PHOENIX – What would happen to Arizona if President Trump gets his way on budget cuts? A trillion dollars in new infrastructure spending could bring relief and create jobs. Arizona is also home to military bases that could benefit from additional defense spending. However, the billions more for defense will come from spending cuts to domestic programs.

Advocates for children are concerned about the future of well-known programs like Head Start, and others that have proven effective in assisting new parents and preventing child abuse.

Suzanne Schrunk with the Arizona Chapter of the National Association of Social Workers says the cuts may appear small, but they affect lots of Arizonans.

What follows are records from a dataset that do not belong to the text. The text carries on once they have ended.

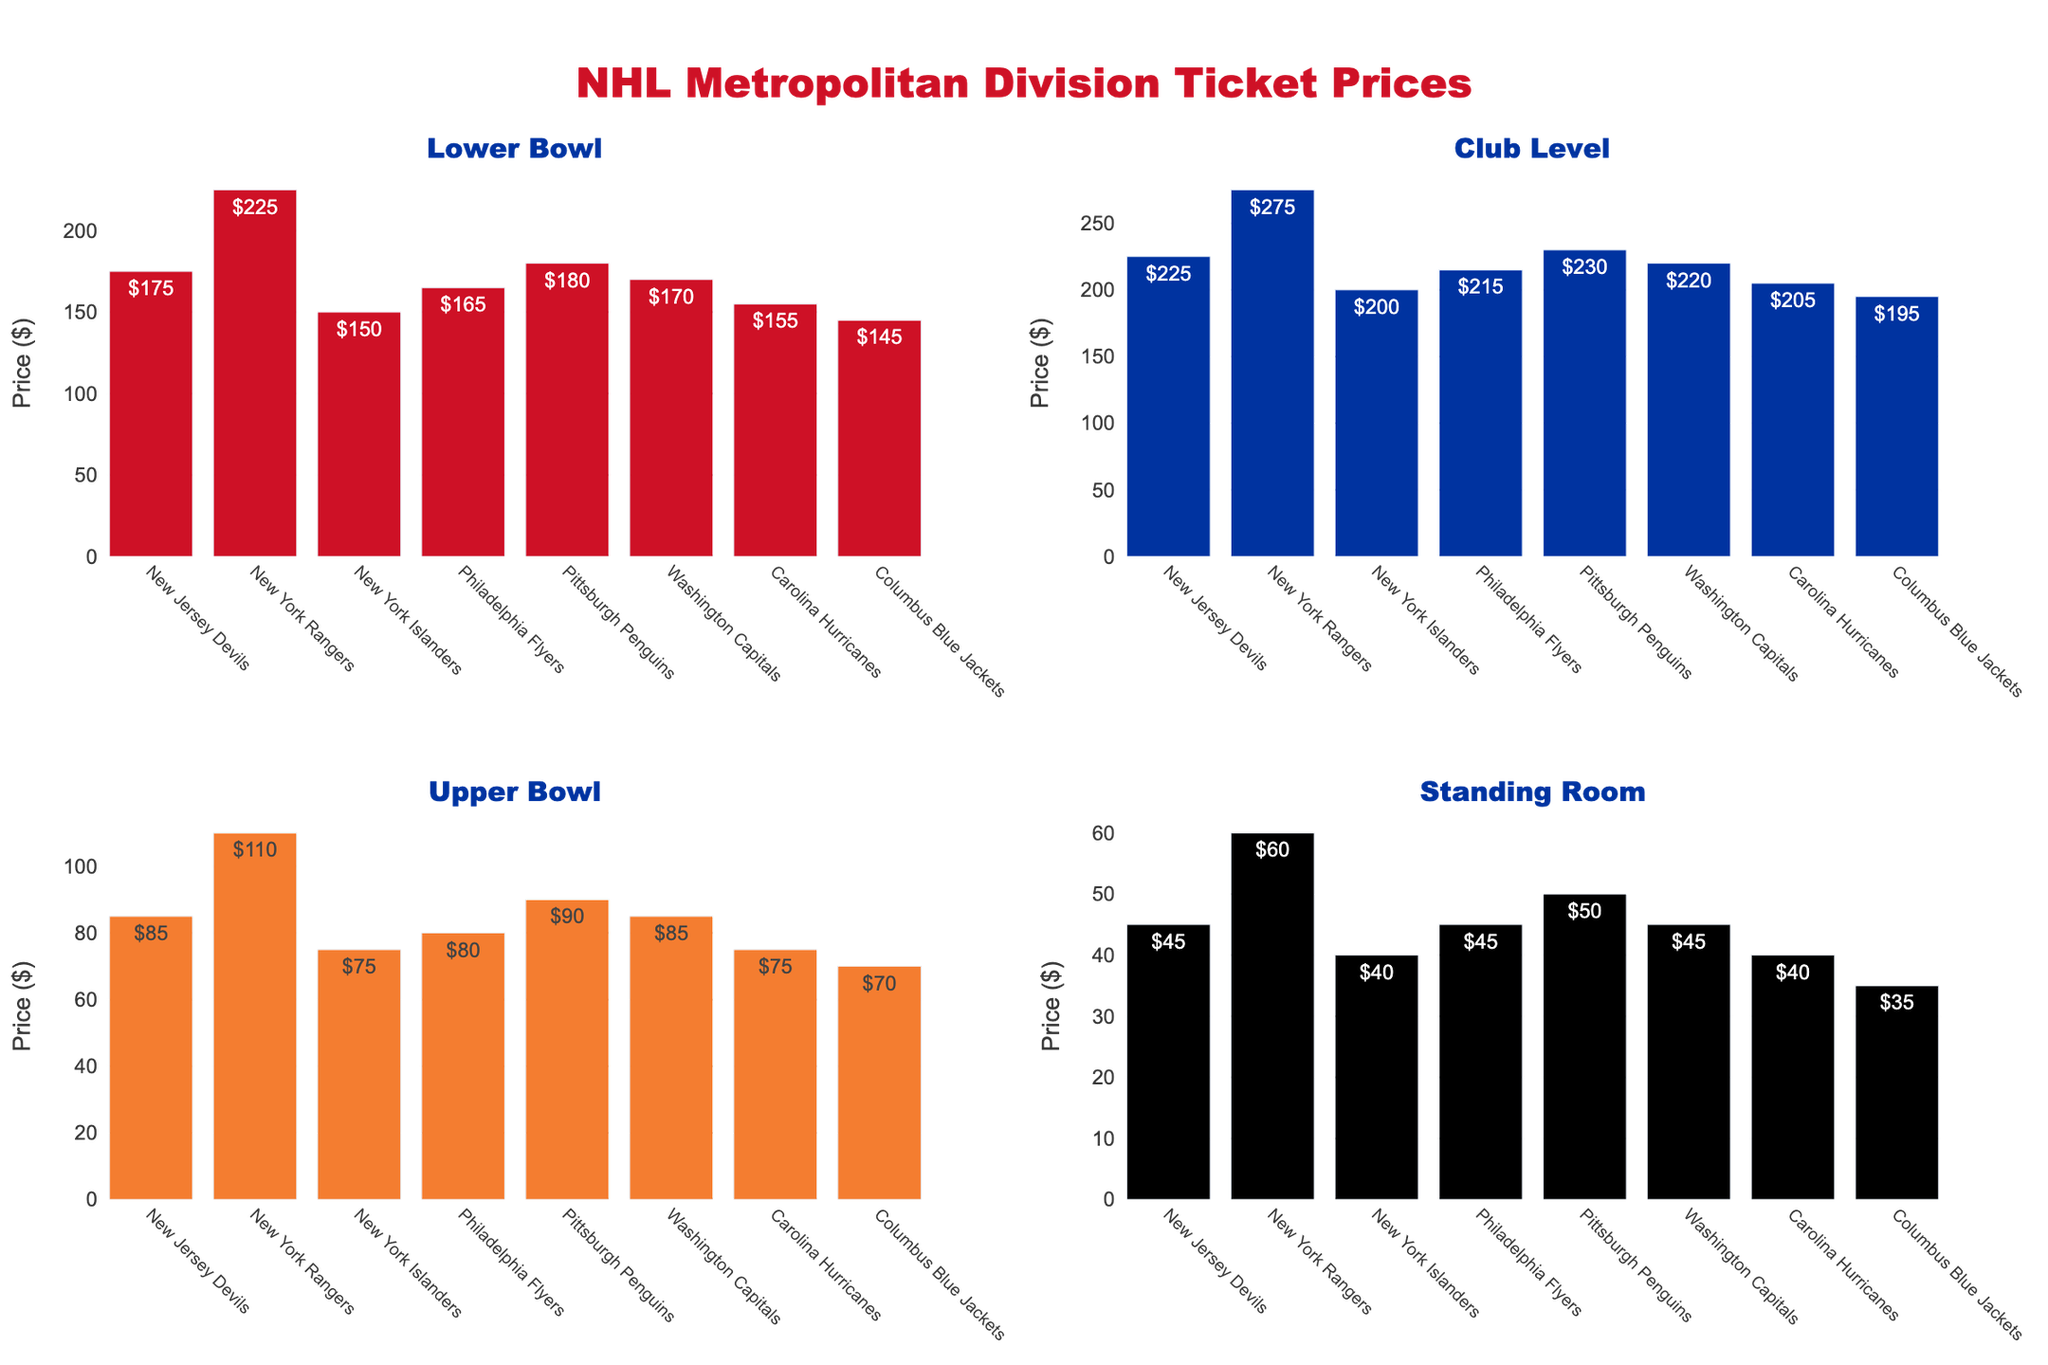Which art medium has the highest carbon footprint? The bar chart in the top-left subplot titled "Carbon Footprint" shows different mediums. The highest bar belongs to Oil Paint.
Answer: Oil Paint Which art medium has the largest value in the water usage scatter plot? The scatter plot in the top-right subplot titled "Water Usage" shows markers at different heights. The highest marker corresponds to Oil Paint.
Answer: Oil Paint Which art medium has the lowest waste production? The bar chart in the bottom-left subplot titled "Waste Production" shows different mediums. The shortest bar represents Digital Art.
Answer: Digital Art What percentage of the recyclability pie chart does Natural Pigments contribute to? The pie chart in the bottom-right subplot titled "Recyclability" assigns a slice to each medium. The label for Natural Pigments shows a value of 90%.
Answer: 90% Compare the carbon footprint for Acrylic Paint and Eco-Friendly Acrylic. Which is higher? In the "Carbon Footprint" bar chart, the bar for Acrylic Paint is higher than the bar for Eco-Friendly Acrylic.
Answer: Acrylic Paint What is the total water usage for Oil Paint and Acrylic Paint combined? From the scatter plot, Oil Paint has a water usage of 3.5L and Acrylic Paint has 2.8L. Summing these gives 3.5 + 2.8 = 6.3L.
Answer: 6.3 Liters How does the waste produced by Sustainable Sculpture Materials compare to that of Watercolor? From the "Waste Production" bar chart, Sustainable Sculpture Materials produce more waste (0.8 kg) than Watercolor (0.5 kg).
Answer: Sustainable Sculpture Materials produce more What is the difference in carbon footprint between Digital Art and Eco-Friendly Acrylic? In the "Carbon Footprint" bar chart, Digital Art has a carbon footprint of 2.5 kg CO2e, and Eco-Friendly Acrylic has 5.1 kg CO2e. The difference is 5.1 - 2.5 = 2.6 kg CO2e.
Answer: 2.6 kg CO2e List all art mediums that have a recyclability percentage of 75% or higher. In the "Recyclability" pie chart, the labels for Eco-Friendly Acrylic (75%), Natural Pigments (90%), Digital Art (95%), Recycled Paper Collage (98%), and Sustainable Sculpture Materials (85%) are all 75% or higher.
Answer: Eco-Friendly Acrylic, Natural Pigments, Digital Art, Recycled Paper Collage, Sustainable Sculpture Materials What are the primary colors used in the plot? The color palette for the bar and pie charts uses a variety of distinctive and vibrant colors. These include shades of red, green, blue, orange, teal, light blue, yellow, and maroon.
Answer: Red, Green, Blue, Orange, Teal, Light Blue, Yellow, Maroon 
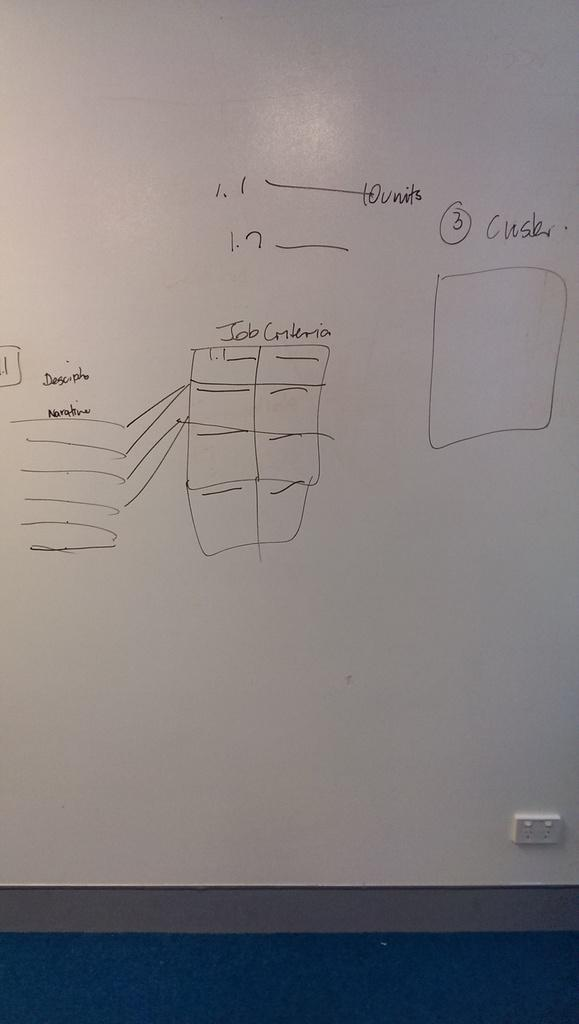<image>
Offer a succinct explanation of the picture presented. The whiteboard has a diagram depicting job criteria drawn on it. 
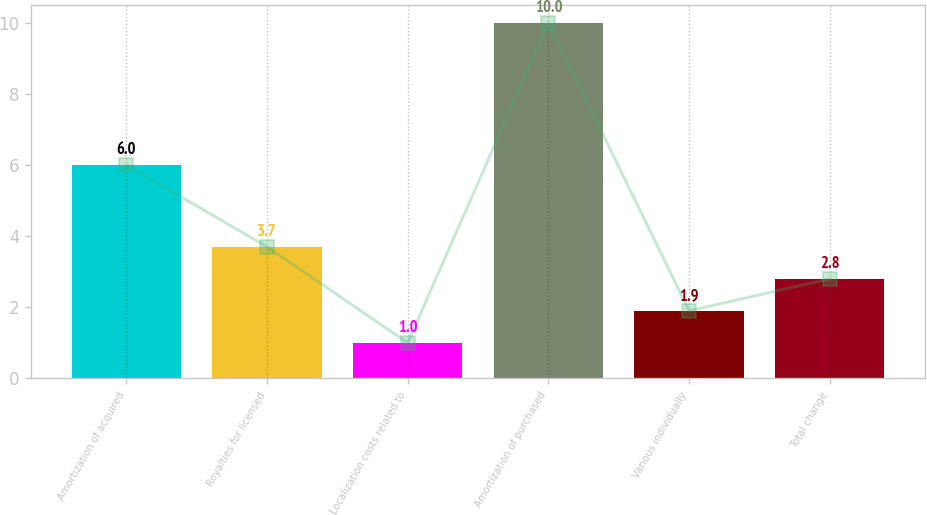<chart> <loc_0><loc_0><loc_500><loc_500><bar_chart><fcel>Amortization of acquired<fcel>Royalties for licensed<fcel>Localization costs related to<fcel>Amortization of purchased<fcel>Various individually<fcel>Total change<nl><fcel>6<fcel>3.7<fcel>1<fcel>10<fcel>1.9<fcel>2.8<nl></chart> 
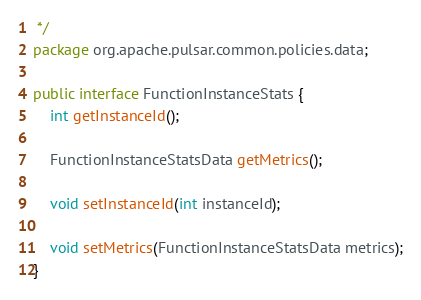Convert code to text. <code><loc_0><loc_0><loc_500><loc_500><_Java_> */
package org.apache.pulsar.common.policies.data;

public interface FunctionInstanceStats {
    int getInstanceId();

    FunctionInstanceStatsData getMetrics();

    void setInstanceId(int instanceId);

    void setMetrics(FunctionInstanceStatsData metrics);
}
</code>

"You know we're concerned about any kind of cuts," she said. "We can't afford, especially in this state, to have more abuse and neglect and more children removed."

Schrunk says these programs save money in the long run by helping kids become better prepared for school, making it easier for them to find good jobs as taxpaying adults.

The White House says cuts will begin with the Environmental Protection Agency, which troubles Sandy Bahr of the Sierra Club's Grand Canyon Chapter. She says Arizona follows EPA standards on clean water and clean air. A weaker EPA, she says, could lead to worsening air quality in the state.

"It's not just that the air quality is poor on one day, but it's over time," she explained. "The most vulnerable will be the first to notice."

Bahr says Arizona's National Parks might suffer too. Less money for upkeep and staff would lead to deteriorating campgrounds, picnic areas and trails for residents as well as tourists, who spend $21 billion per year in the state.